Creating dishes with crushed insects in not the only way to make healthy foods more palatable. The technical abilities of 3D printing allow for patterning of food constituents, such as fats and salts. In 2011, Christopher Loss, a researcher at The Culinary Institute of America, found that by concentrating salt in the topmost layer of mashed potatoes he could reduce the dish’s overall salt content by 40% without compromising its perceived saltiness. Our gullible taste buds should allow us to stuff butter, sugar, and other unhealthy ingredients into small pockets or alternate them with fat-free layers. Such patterning will allow the same servings of fat and sodium to go a lot further in terms of perceived flavour.   

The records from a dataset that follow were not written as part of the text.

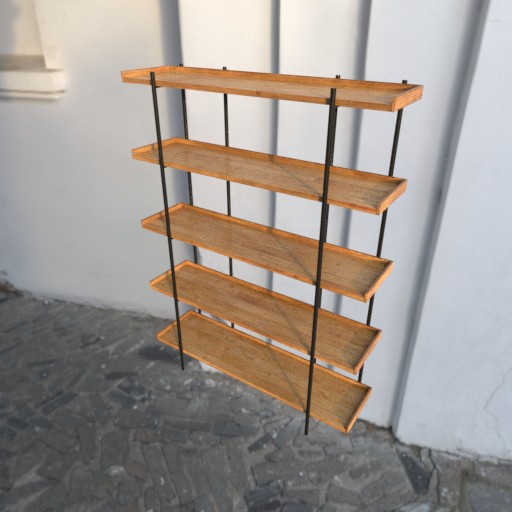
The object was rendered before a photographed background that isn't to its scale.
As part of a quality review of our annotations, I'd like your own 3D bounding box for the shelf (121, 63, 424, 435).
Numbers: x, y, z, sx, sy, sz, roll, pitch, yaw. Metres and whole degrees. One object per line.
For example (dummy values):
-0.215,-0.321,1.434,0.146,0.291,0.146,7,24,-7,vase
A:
0.000,0.000,2.395,1.371,1.826,0.379,18,33,29,shelf
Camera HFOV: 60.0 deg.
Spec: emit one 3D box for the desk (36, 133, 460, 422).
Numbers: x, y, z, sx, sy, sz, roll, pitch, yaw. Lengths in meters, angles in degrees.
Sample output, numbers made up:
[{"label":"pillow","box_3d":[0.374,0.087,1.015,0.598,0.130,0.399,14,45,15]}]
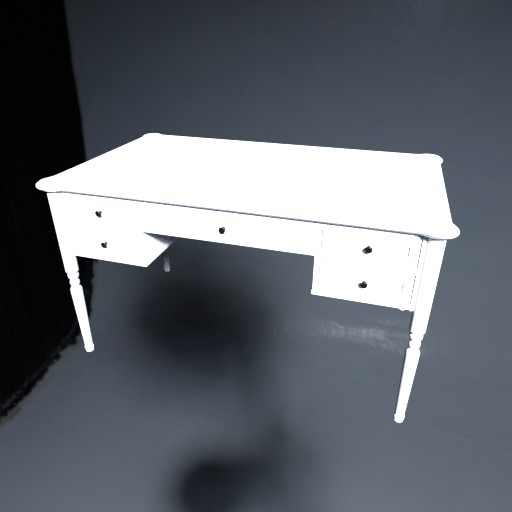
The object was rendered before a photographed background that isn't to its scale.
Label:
[{"label":"desk","box_3d":[0.000,0.000,1.859,1.380,0.762,0.807,8,29,15]}]
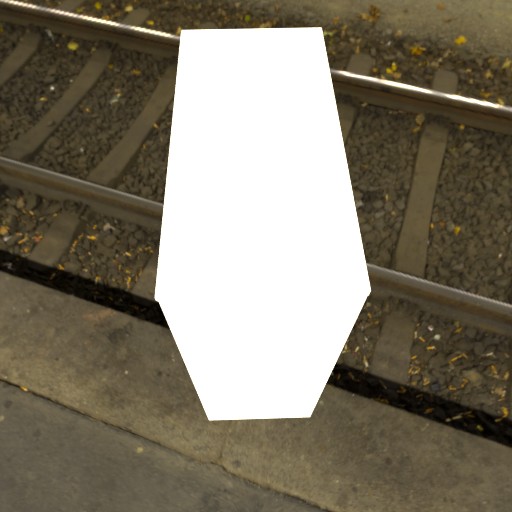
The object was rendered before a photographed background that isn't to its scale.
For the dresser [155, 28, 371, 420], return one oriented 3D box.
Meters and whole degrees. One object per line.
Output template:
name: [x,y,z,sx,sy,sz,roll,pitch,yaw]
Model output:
dresser: [0.000,0.000,1.429,0.380,1.040,0.800,-1,58,-1]
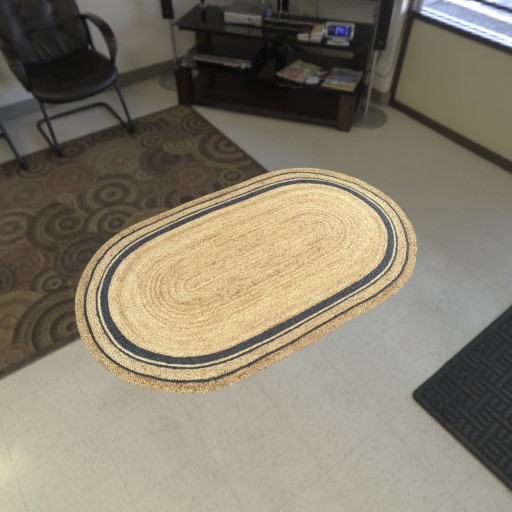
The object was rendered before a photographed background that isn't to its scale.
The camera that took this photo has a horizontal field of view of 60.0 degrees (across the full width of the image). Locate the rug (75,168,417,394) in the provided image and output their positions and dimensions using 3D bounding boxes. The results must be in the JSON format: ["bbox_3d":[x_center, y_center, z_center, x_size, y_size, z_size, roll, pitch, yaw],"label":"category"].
[{"bbox_3d":[0.000,0.000,3.045,2.432,0.006,1.520,-25,52,-21],"label":"rug"}]
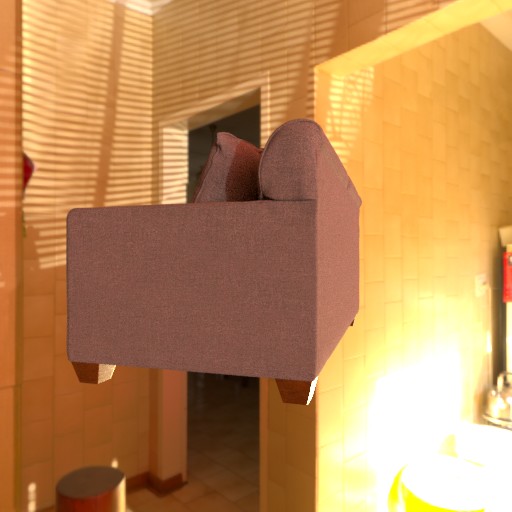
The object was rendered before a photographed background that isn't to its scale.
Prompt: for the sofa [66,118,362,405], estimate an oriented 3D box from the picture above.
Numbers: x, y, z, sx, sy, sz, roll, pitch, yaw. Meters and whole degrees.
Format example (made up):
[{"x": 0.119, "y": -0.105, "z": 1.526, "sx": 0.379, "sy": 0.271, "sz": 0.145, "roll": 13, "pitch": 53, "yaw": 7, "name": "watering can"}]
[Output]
[{"x": 0.000, "y": 0.000, "z": 2.388, "sx": 1.000, "sy": 0.958, "sz": 1.846, "roll": 0, "pitch": 0, "yaw": 17, "name": "sofa"}]

The goal of existing household-oriented 3D food printers is to provide a natural-ingredient dinner with minimal preparation time. For the Foodini, all a user has to do is load ingredients into the printing nozzles, select a recipe from a touchscreen menu, and hit print. Voilà! Still, some entrepreneurs in the printed food industry are not sold on existing printing methods, which broadly rely on crushing up food into a paste or powder just to print it in different combinations. Chloé Rutzerveld, founder of Edible Growth, believes that the prevailing food printing methods are not improving sustainability and may only find use in serving food to the elderly that is combined with customised vitamins and minerals. She argues that although it may save time and money if a machine prepares the food instead of a nurse, pushing the food through a printer syringe versus using a traditional mould may do little more than augment aesthetics. An even bigger critique is that some current 3D food printers use syringes filled with cooked food that has been dried and ground up, which destroys nutrients. Her solution to this is Edible Growth, a grow-your-own 3D-printed snack. The Edible features multiple 3D-printed layers of support structure and an edible breeding ground that includes seeds, spores, and yeast. Within five days, the plants and fungi mature while the yeast ferments a solid inside into a liquid. Depending on the preferred intensity, the consumer can decide when to harvest the nutrient-rich 'edible growth'. Chloé claims that her product will reduce the agricultural footprint by relying on farmers to produce seeds and not food, minimise food transport by growing food on-site, and limit food waste and preservatives. However, in an interview with Vice, she revealed that the current prototypes are largely made by hand since printing the more complicated materials (other than the base) is still hard to achieve. In addition, the range of food that can be grown from seeds in a reasonable time-frame is limited.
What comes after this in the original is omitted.